▸ **Brief**
Every line of the listing below from the one with "text Llibreries utilitzades: [150, 969, 916, 1003]" up to and including the one with "Rendered at 1241 by 1754 pixels." should be retyped exactly, and nothing else; pictures are not part of the copy.

======

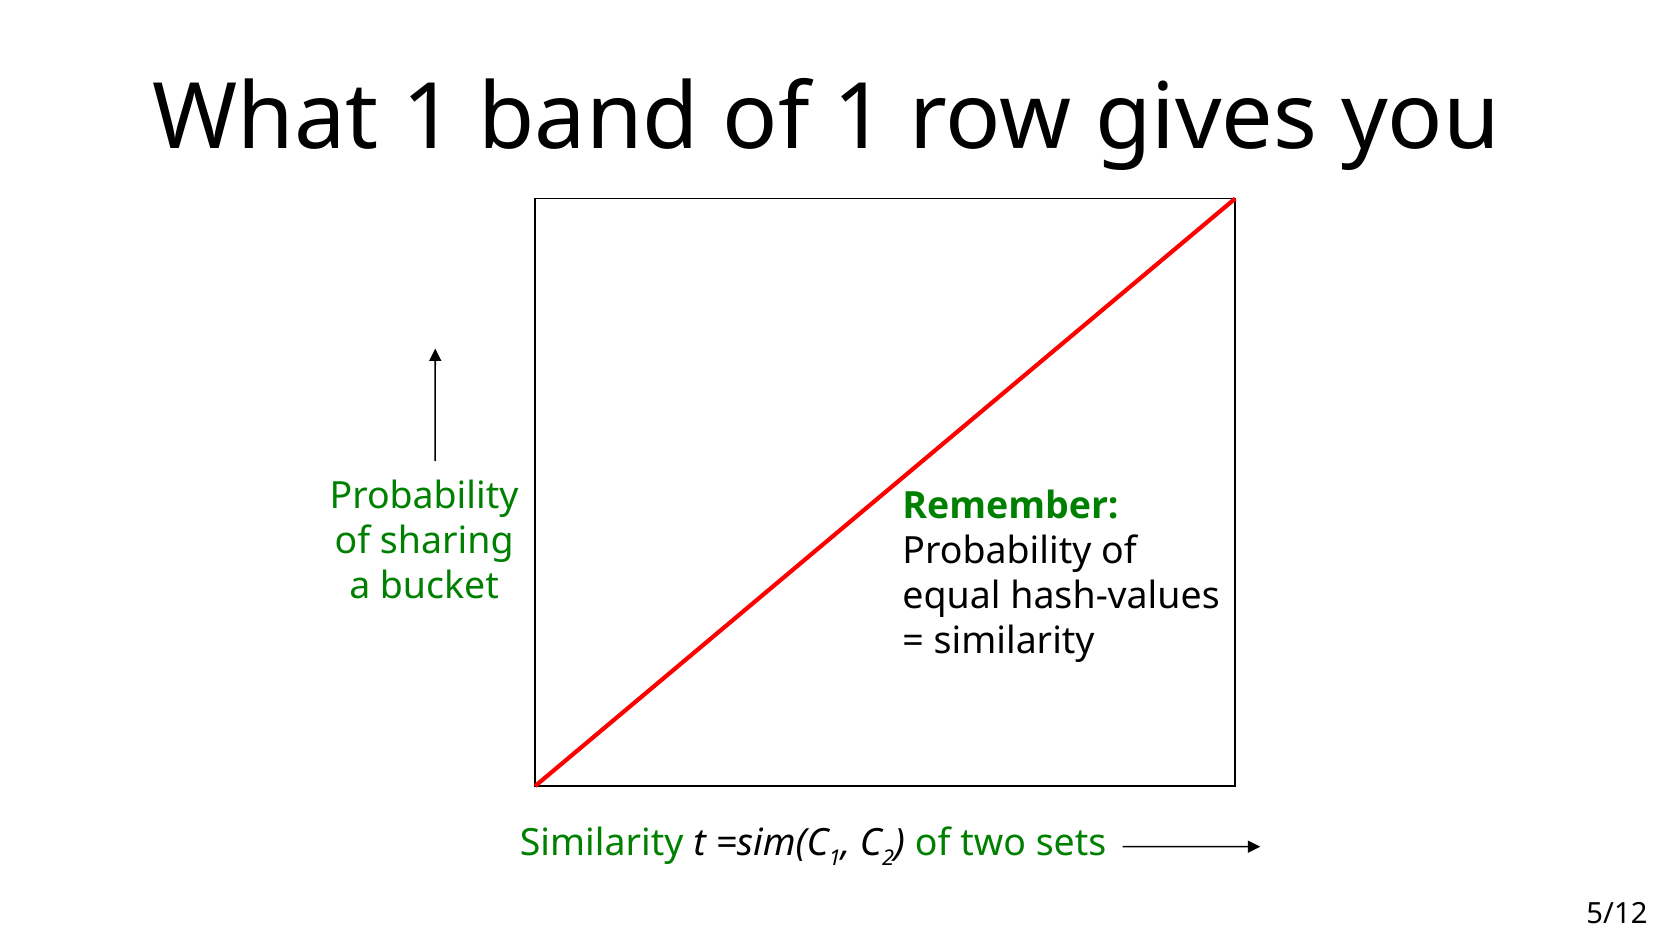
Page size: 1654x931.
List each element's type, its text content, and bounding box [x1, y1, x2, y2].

title What 1 band of 1 row gives you [536, 199, 1230, 226]
text_box Remember: Probability of equal hash-values = similarity [887, 473, 1236, 669]
text_box Similarity t =sim(C1, C2) of two sets [423, 811, 1136, 877]
text_box Probability of sharing a bucket [314, 463, 534, 614]
title What 1 band of 1 row gives you [82, 1, 1571, 226]
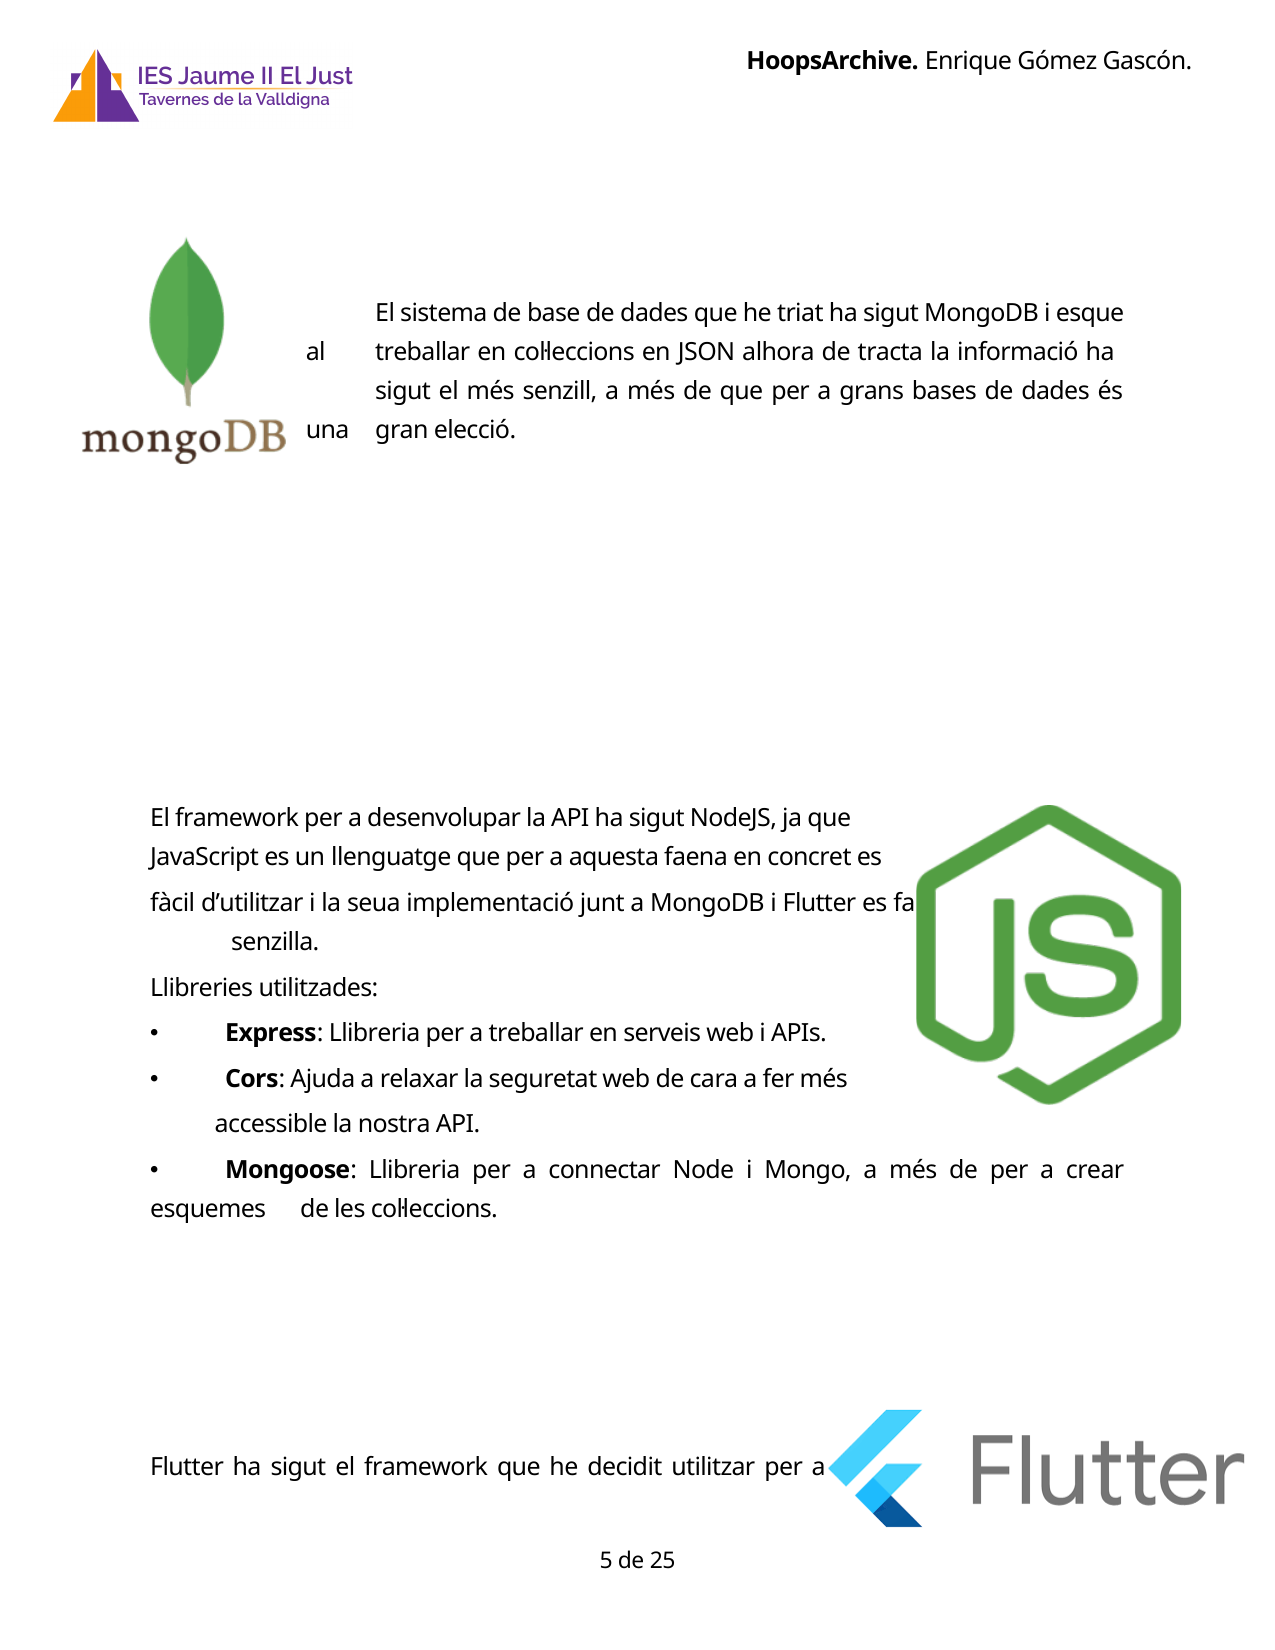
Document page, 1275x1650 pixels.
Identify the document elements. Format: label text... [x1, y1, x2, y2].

list accessible la nostra API. [150, 1106, 1124, 1140]
picture [916, 805, 1182, 1105]
list Cors: Ajuda a relaxar la seguretat web de cara a fer més [150, 1061, 916, 1094]
text Flutter ha sigut el framework que he decidit utilitzar per a [150, 1448, 826, 1483]
text El sistema de base de dades que he triat ha sigut MongoDB i esque al treballar en col·leccions en JSON alhora de tracta la informació ha sigut el més senzill, a més de que per a grans bases de dades és una gran elecció. [306, 294, 1124, 446]
text Llibreries utilitzades: [150, 969, 916, 1003]
text fàcil d’utilitzar i la seua implementació junt a MongoDB i Flutter es fa senzilla. [150, 884, 916, 958]
picture [63, 221, 306, 477]
list Express: Llibreria per a treballar en serveis web i APIs. [150, 1015, 916, 1049]
text El framework per a desenvolupar la API ha sigut NodeJS, ja que JavaScript es un llenguatge que per a aquesta faena en concret es [150, 800, 1124, 873]
list Mongoose: Llibreria per a connectar Node i Mongo, a més de per a crear esquemes de les col·leccions. [150, 1152, 1124, 1225]
picture [49, 42, 353, 129]
picture [826, 1408, 1247, 1529]
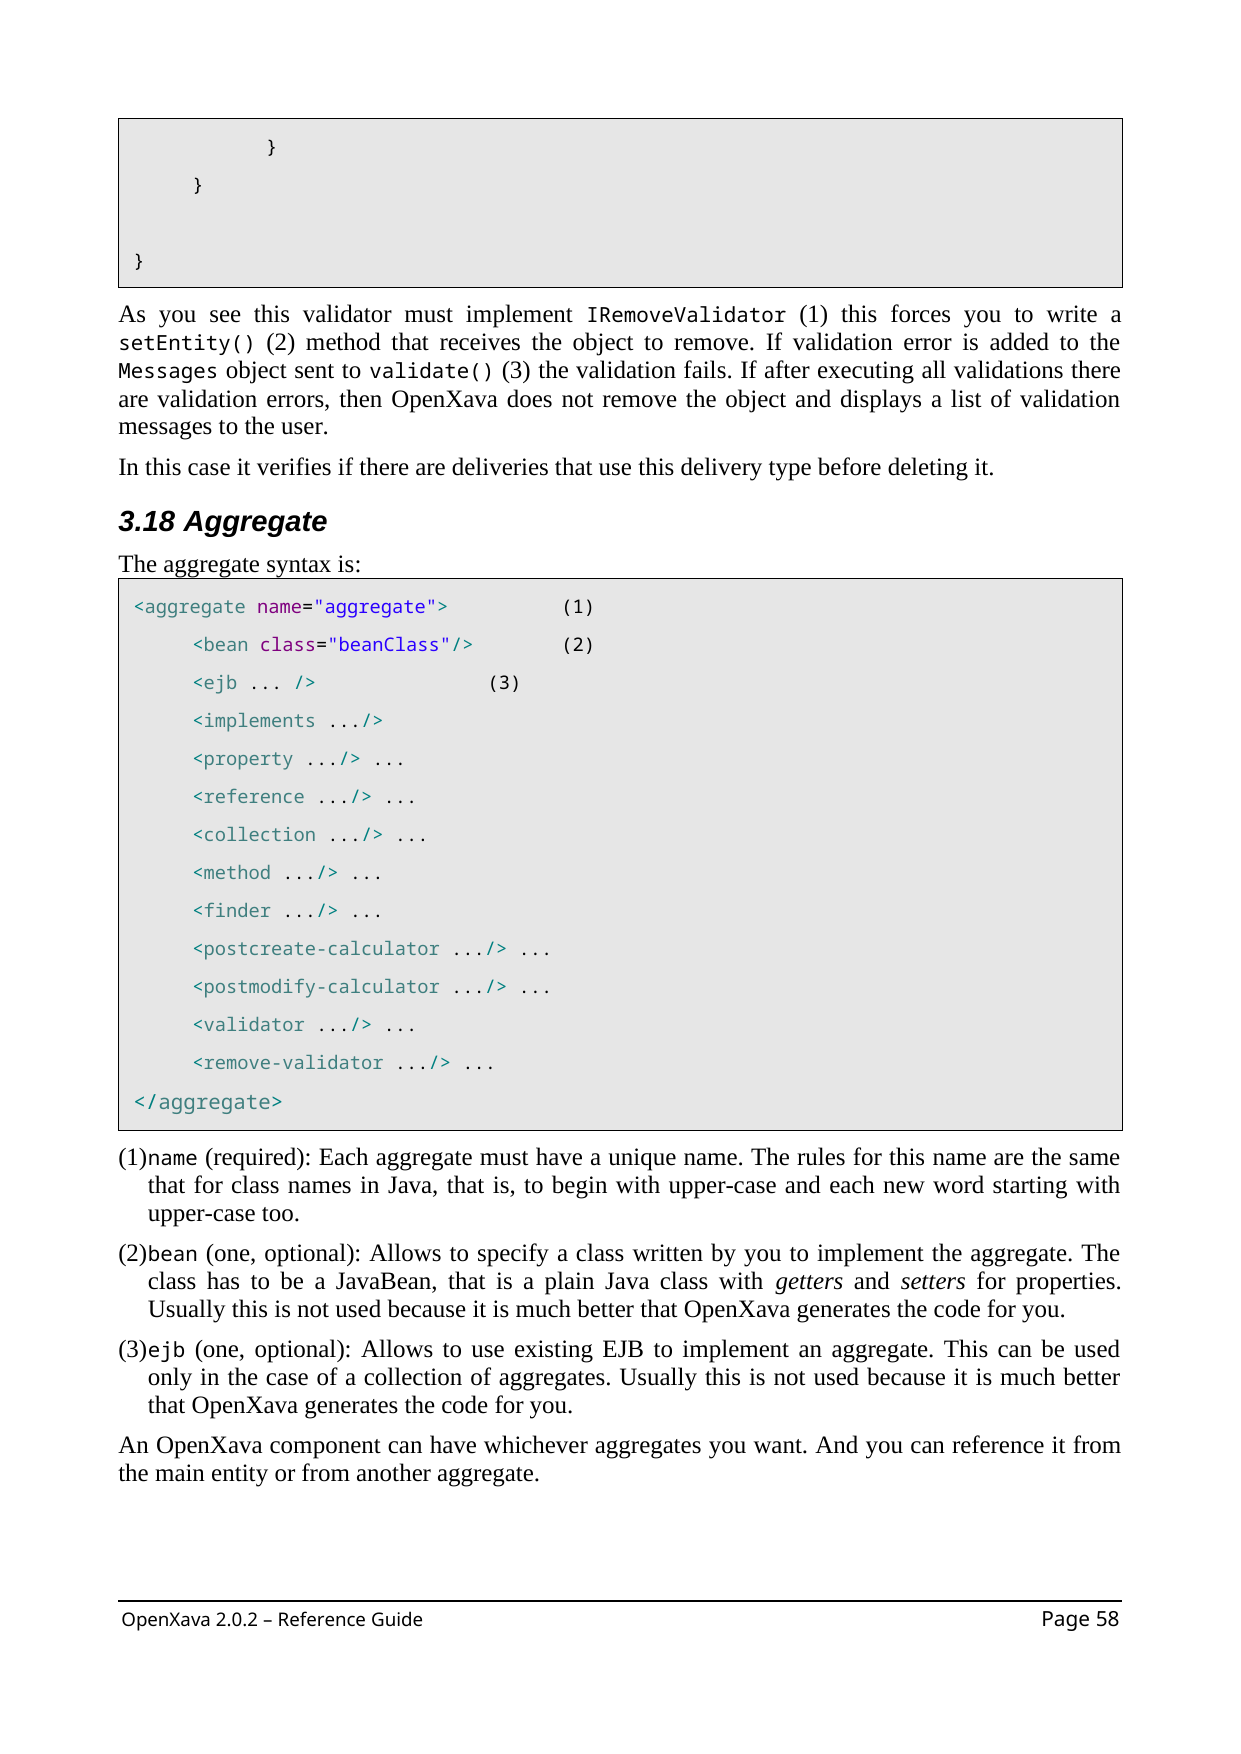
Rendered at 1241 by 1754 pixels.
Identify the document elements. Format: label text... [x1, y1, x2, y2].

text <finder .../> ... [119, 882, 1122, 920]
text <aggregate name="aggregate"> (1) [119, 579, 1122, 616]
text <ejb ... /> (3) [119, 654, 1122, 692]
text } [119, 232, 1122, 287]
text <method .../> ... [119, 844, 1122, 882]
text <validator .../> ... [119, 996, 1122, 1034]
text } [119, 156, 1122, 194]
text In this case it verifies if there are deliveries that use this delivery type before deleting it. [118, 453, 1122, 480]
text <bean class="beanClass"/> (2) [119, 616, 1122, 654]
list name (required): Each aggregate must have a unique name. The rules for this name are the same that for class names in Java, that is, to begin with upper-case and each new word starting with upper-case too. [118, 1143, 1122, 1227]
text An OpenXava component can have whichever aggregates you want. And you can reference it from the main entity or from another aggregate. [118, 1431, 1122, 1487]
subtitle Aggregate [118, 505, 1122, 538]
text <implements .../> [119, 692, 1122, 730]
text <collection .../> ... [119, 806, 1122, 844]
text <remove-validator .../> ... [119, 1034, 1122, 1072]
text <postcreate-calculator .../> ... [119, 920, 1122, 958]
text The aggregate syntax is: [118, 551, 1122, 578]
text <property .../> ... [119, 730, 1122, 768]
text As you see this validator must implement IRemoveValidator (1) this forces you to write a setEntity() (2) method that receives the object to remove. If validation error is added to the Messages object sent to validate() (3) the validation fails. If after executing all validations there are validation errors, then OpenXava does not remove the object and displays a list of validation messages to the user. [118, 300, 1122, 440]
list bean (one, optional): Allows to specify a class written by you to implement the aggregate. The class has to be a JavaBean, that is a plain Java class with getters and setters for properties. Usually this is not used because it is much better that OpenXava generates the code for you. [118, 1239, 1122, 1323]
text } [119, 119, 1122, 156]
text </aggregate> [119, 1072, 1122, 1130]
list ejb (one, optional): Allows to use existing EJB to implement an aggregate. This can be used only in the case of a collection of aggregates. Usually this is not used because it is much better that OpenXava generates the code for you. [118, 1335, 1122, 1419]
text <postmodify-calculator .../> ... [119, 958, 1122, 996]
text <reference .../> ... [119, 768, 1122, 806]

======

▸ **Task answer**
text Llibreries utilitzades: [150, 969, 916, 1003]
text fàcil d’utilitzar i la seua implementació junt a MongoDB i Flutter es fa senzilla. [150, 884, 916, 958]
picture [63, 221, 306, 477]
list Express: Llibreria per a treballar en serveis web i APIs. [150, 1015, 916, 1049]
text El framework per a desenvolupar la API ha sigut NodeJS, ja que JavaScript es un llenguatge que per a aquesta faena en concret es [150, 800, 1124, 873]
list Mongoose: Llibreria per a connectar Node i Mongo, a més de per a crear esquemes de les col·leccions. [150, 1152, 1124, 1225]
picture [49, 42, 353, 129]
picture [826, 1408, 1247, 1529]
Rendered at 1241 by 1754 pixels.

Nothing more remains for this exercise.